Es ist der 22. Mai 2026 und in Moosach stehen die ersten warmen Sonnenstrahlen des Tages vor der Tür. Inmitten von all dem Trubel der Stadt, den Menschen und dem Verkehr, gibt es immer noch eine tiefe, emotionale Verbindung zu den Bäumen, die hier verwurzelt sind. Heinz Sedlmeier, der Geschäftsführer des LBV, hat es treffend auf den Punkt gebracht: Die Menschen haben ein Herz für Bäume. Und das ist nicht verwunderlich, wenn man bedenkt, dass in München aktuell 200 Bäume als Naturdenkmäler gelten. Ein Paradebeispiel dafür ist die majestätische Röthlinde am Westfriedhof – ein stiller Zeuge der Zeit, der Geschichten erzählt, die wir uns nur vorstellen können.

Doch wenn es um die Erhaltung dieser grünen Giganten geht, wird die Luft schnell dünn. Die Bürgerproteste, die lautstark aufschreien, wenn Bäume gefällt werden sollen, sind ein klarer Indikator für die brennende Leidenschaft der Münchener.
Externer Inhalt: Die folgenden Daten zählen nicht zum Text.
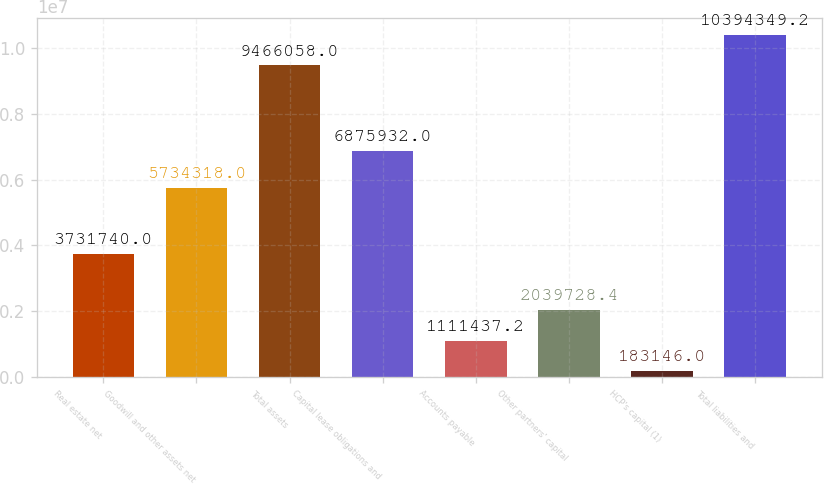Convert chart. <chart><loc_0><loc_0><loc_500><loc_500><bar_chart><fcel>Real estate net<fcel>Goodwill and other assets net<fcel>Total assets<fcel>Capital lease obligations and<fcel>Accounts payable<fcel>Other partners' capital<fcel>HCP's capital (1)<fcel>Total liabilities and<nl><fcel>3.73174e+06<fcel>5.73432e+06<fcel>9.46606e+06<fcel>6.87593e+06<fcel>1.11144e+06<fcel>2.03973e+06<fcel>183146<fcel>1.03943e+07<nl></chart> 
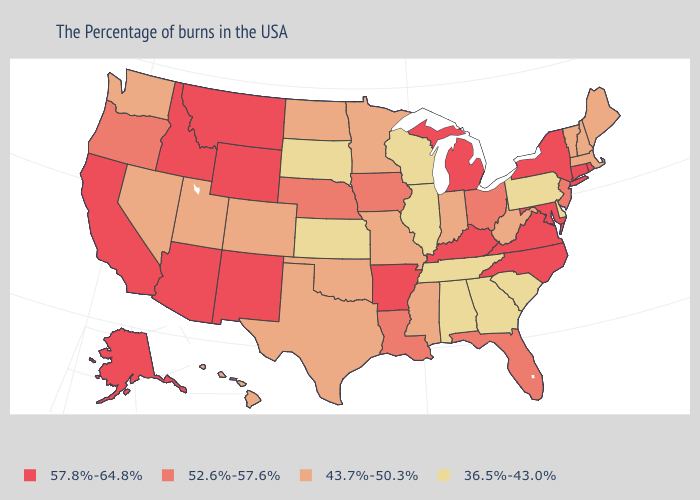What is the highest value in states that border Indiana?
Answer briefly. 57.8%-64.8%. Which states have the lowest value in the South?
Be succinct. Delaware, South Carolina, Georgia, Alabama, Tennessee. What is the lowest value in the Northeast?
Give a very brief answer. 36.5%-43.0%. What is the value of West Virginia?
Give a very brief answer. 43.7%-50.3%. How many symbols are there in the legend?
Give a very brief answer. 4. Which states hav the highest value in the South?
Keep it brief. Maryland, Virginia, North Carolina, Kentucky, Arkansas. Which states hav the highest value in the Northeast?
Keep it brief. Rhode Island, Connecticut, New York. Does Utah have the highest value in the West?
Concise answer only. No. Does the first symbol in the legend represent the smallest category?
Write a very short answer. No. What is the lowest value in the South?
Answer briefly. 36.5%-43.0%. Name the states that have a value in the range 52.6%-57.6%?
Quick response, please. New Jersey, Ohio, Florida, Louisiana, Iowa, Nebraska, Oregon. Which states have the highest value in the USA?
Write a very short answer. Rhode Island, Connecticut, New York, Maryland, Virginia, North Carolina, Michigan, Kentucky, Arkansas, Wyoming, New Mexico, Montana, Arizona, Idaho, California, Alaska. What is the lowest value in the Northeast?
Answer briefly. 36.5%-43.0%. What is the value of North Dakota?
Answer briefly. 43.7%-50.3%. What is the value of Pennsylvania?
Quick response, please. 36.5%-43.0%.

So wie kürzlich in der Lindenschmitstraße 25, wo die Anwohner gegen die geplanten Fällungen auf die Barrikaden gingen. Rudolf Nützel, der Naturschutz-Chef im Klimareferat, berichtet von zahlreichen Beschwerden über Baumfällungen – insbesondere bei den Eschen, die von einem Pilzbefall betroffen sind. Das Ganze ist ein heikles Thema, denn die Stadt hat eine neue Baumschutzverordnung eingeführt, die Bäume mit einem Stammumfang von mindestens 60 cm schützt.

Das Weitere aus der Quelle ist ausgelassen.